Sunday, July 01, 2007

 
The Restaurant


-Where’s Chef? They made me bring back this Bananas O’Toole. Customer said more O’Toole–at least his socks–than bananas!

-Clever! For the usual grotesque pig out there.

-Well, what am I to...?”

-Here! Throw a sprig of mint on top. Tell him Chef handled it personally.

-Yeah, but where is...?

-Hey! Kitchens are stress! He’s in the back alley jerking off. Or shootin up.
Or both.

-Jesus Christ!

-Simultaneously.

-Handled!

-Oh well, wait staff regularly wipe the empty plates on their ass.
But that’s symbolic. That is, your trouser-clad butt is cleaner than
anything else in this establishment.

-God! I was down to nothing. I had to get a job. Anything!

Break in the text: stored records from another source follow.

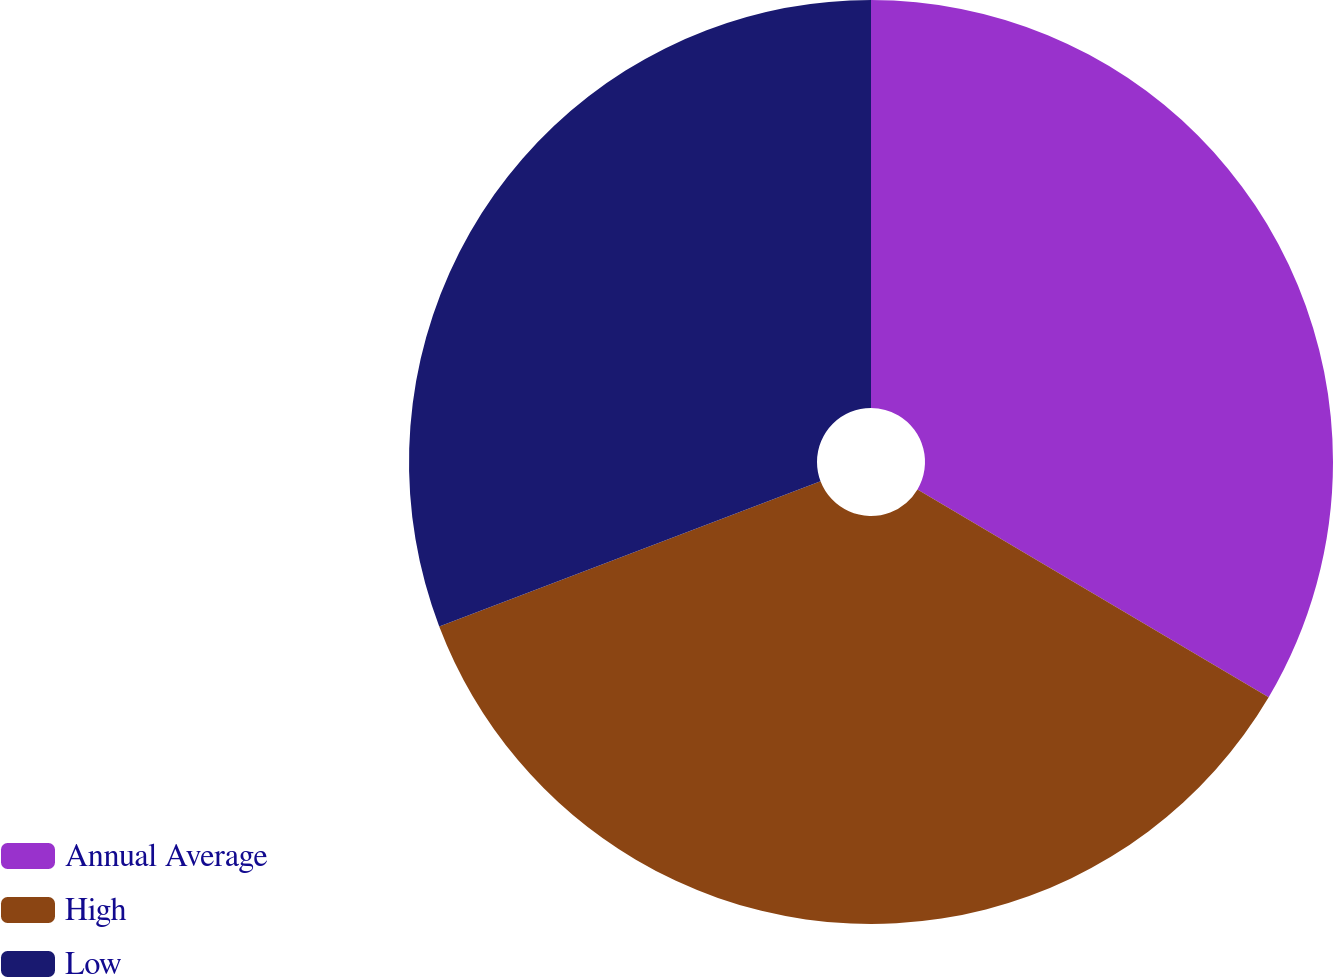Convert chart. <chart><loc_0><loc_0><loc_500><loc_500><pie_chart><fcel>Annual Average<fcel>High<fcel>Low<nl><fcel>33.5%<fcel>35.71%<fcel>30.79%<nl></chart> 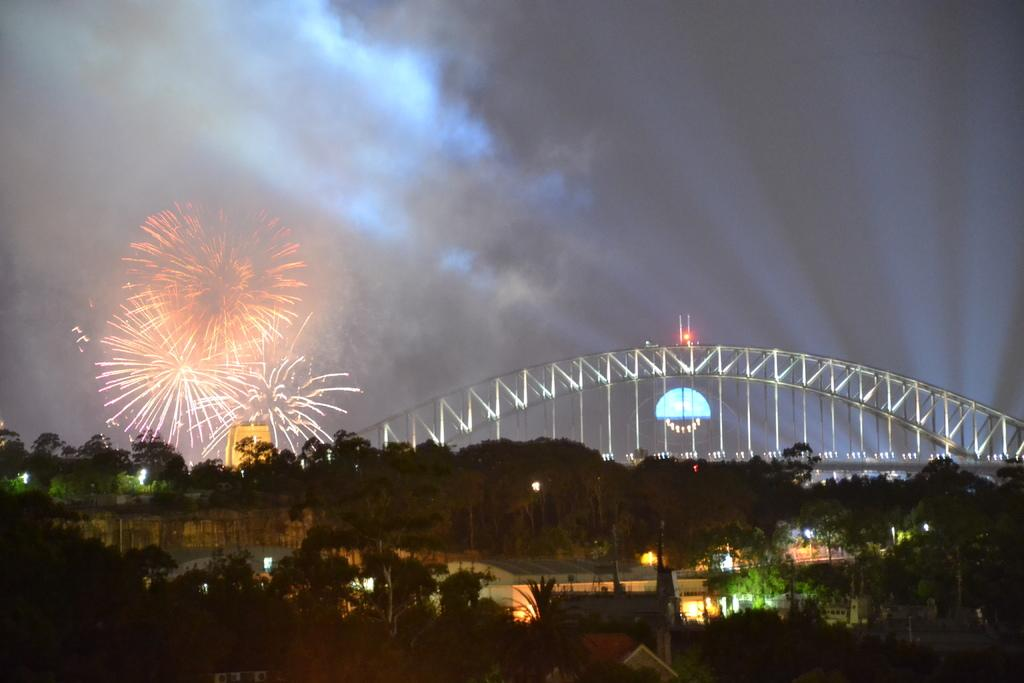What type of natural elements can be seen in the image? There are trees in the image. What artificial elements can be seen in the image? There are lights, a building, and a bridge in the image. What additional feature is present in the image? Light sparkles are visible in the image. What part of the natural environment is visible in the image? The sky is visible in the image. Can you tell me how many dinosaurs are crossing the bridge in the image? There are no dinosaurs present in the image; it features trees, lights, a building, a bridge, light sparkles, and the sky. What type of harbor can be seen near the bridge in the image? There is no harbor present in the image; it features trees, lights, a building, a bridge, light sparkles, and the sky. 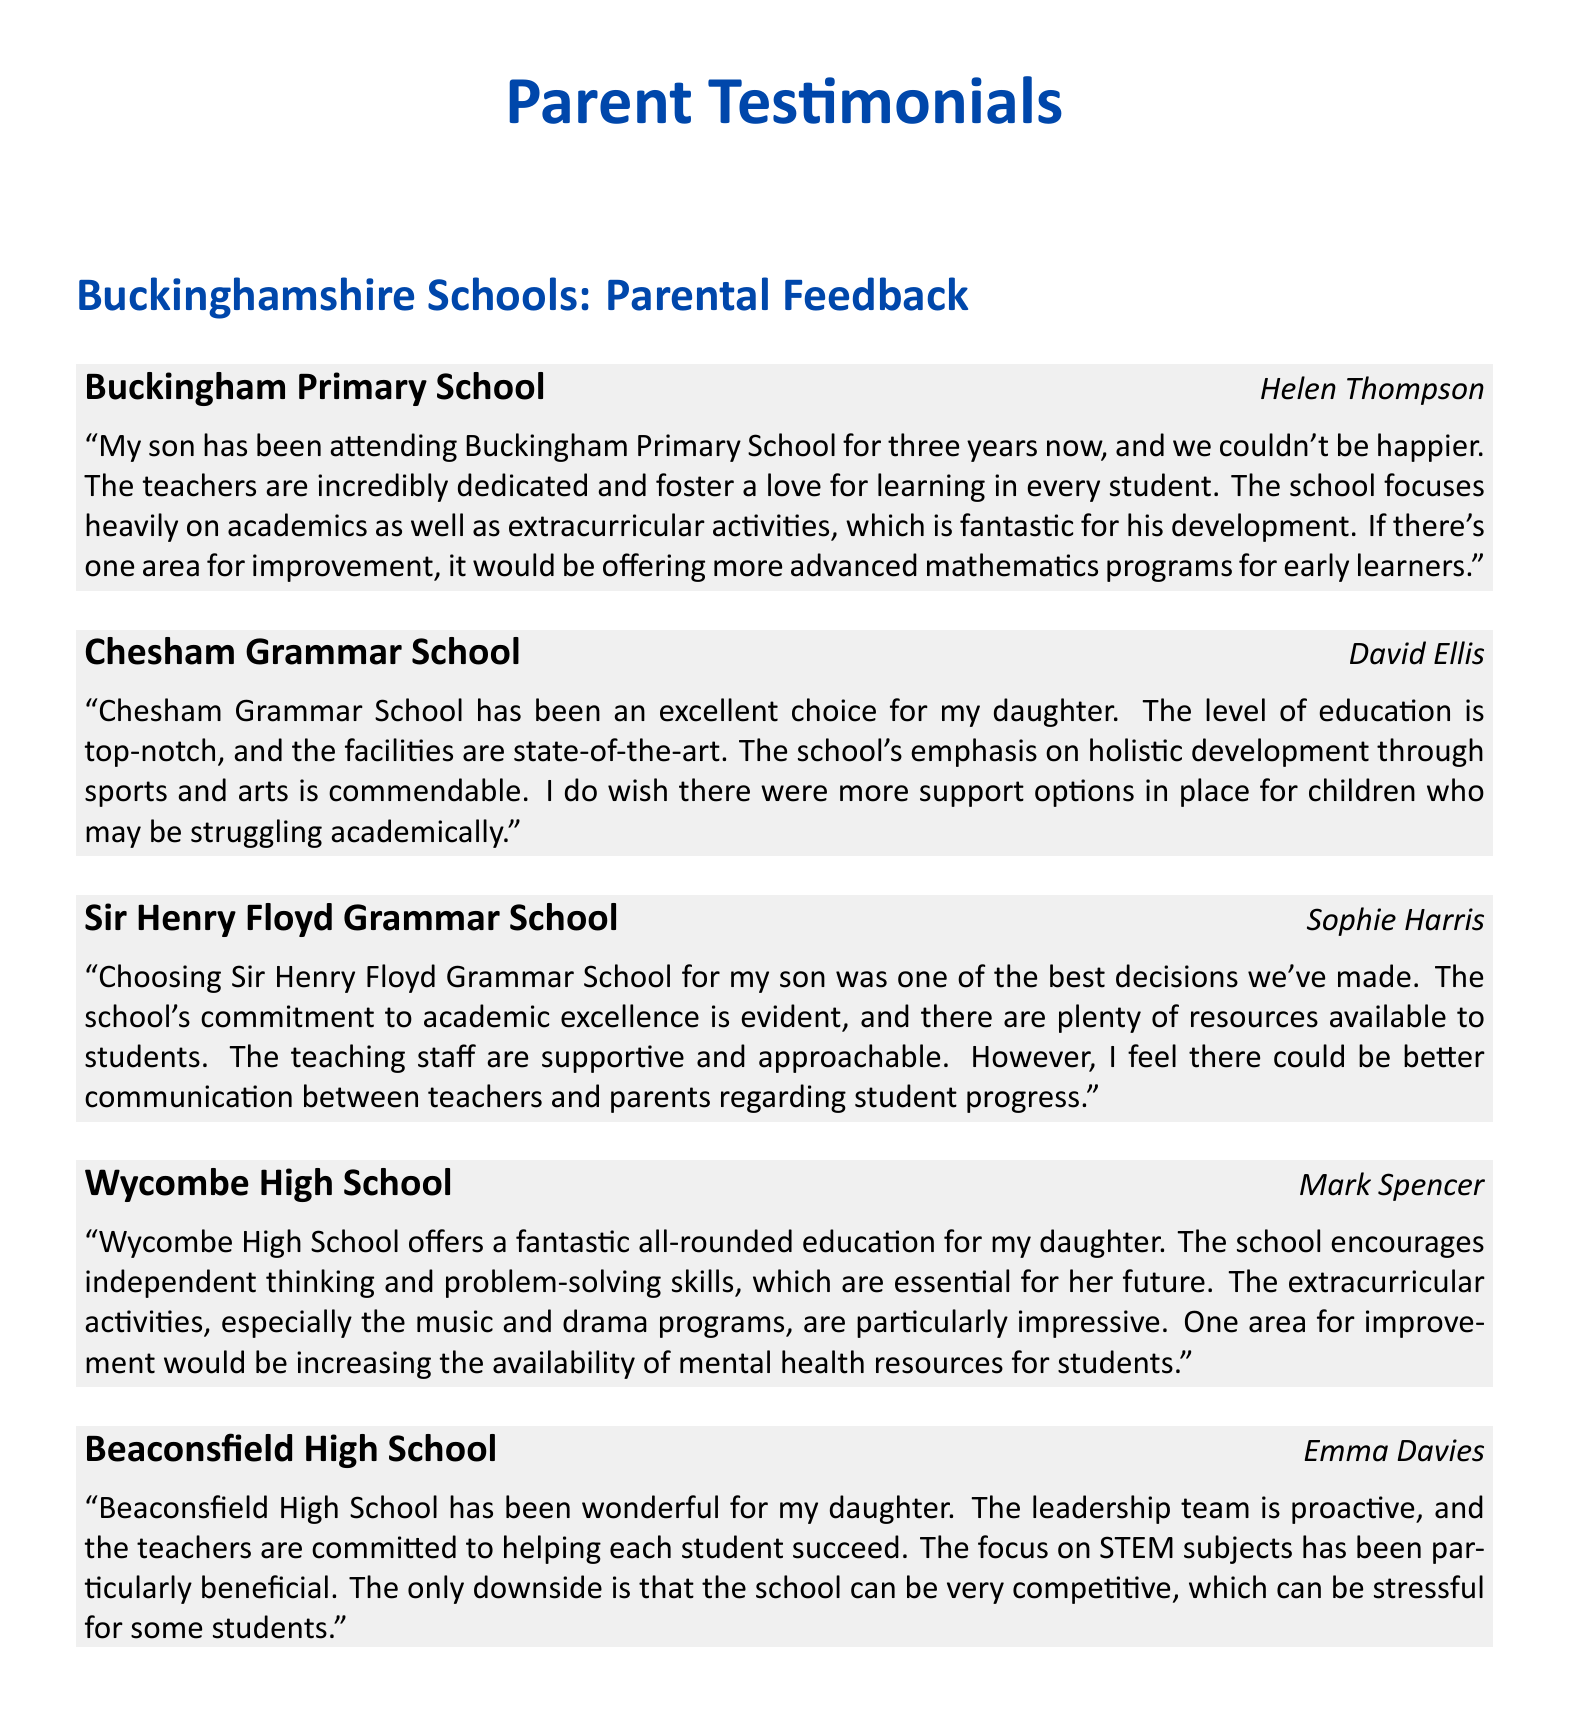What is the name of the school reviewed by Helen Thompson? Helen Thompson reviewed Buckingham Primary School.
Answer: Buckingham Primary School How long has Helen Thompson's son been attending his school? Helen Thompson's son has been attending for three years.
Answer: Three years What subject area does David Ellis wish had more support options at Chesham Grammar School? David Ellis wishes there were more support options for struggling children academically.
Answer: Academically What does Sophie Harris feel could be improved at Sir Henry Floyd Grammar School? Sophie Harris feels that communication regarding student progress could be improved.
Answer: Communication with parents Which extracurricular activities at Wycombe High School are highlighted as impressive? The music and drama programs are particularly impressive.
Answer: Music and drama programs What competitive aspect does Emma Davies mention about Beaconsfield High School? Emma Davies mentions that the school can be very competitive, leading to stress for some students.
Answer: Competitive environment What is the key focus area noted by Emma Davies for her daughter's education at Beaconsfield High School? The focus on STEM subjects is noted as particularly beneficial.
Answer: STEM subjects Which school has a state-of-the-art facility according to David Ellis? Chesham Grammar School is described as having state-of-the-art facilities.
Answer: Chesham Grammar School What is one of the strengths mentioned by Mark Spencer about Wycombe High School's education? Mark Spencer mentions that the school encourages independent thinking and problem-solving skills.
Answer: Independent thinking and problem-solving skills

-That why we’re all here. Management is full of shit, except in the ingenious
way they name the dishes. They’d screw you outa even our minimum wage
if they could. Actually it’s minimum wage for Pakistan.

-Why do you stay?

-Good place to score drugs. And everybody fucks everybody else after
our wee-hour parties. Even during.

-Sounds like utter despair! Ugh! More disgusting than Chef!

-Only at first. We share the tips and the end of the night is suicidal.

-No...impetus for service!

-Never has been. Ever. The vandals got the handle. We just do what we can.

-It’s Nihilism!

-You went to college! Just reaction of workers under continuously gouging Capitalism.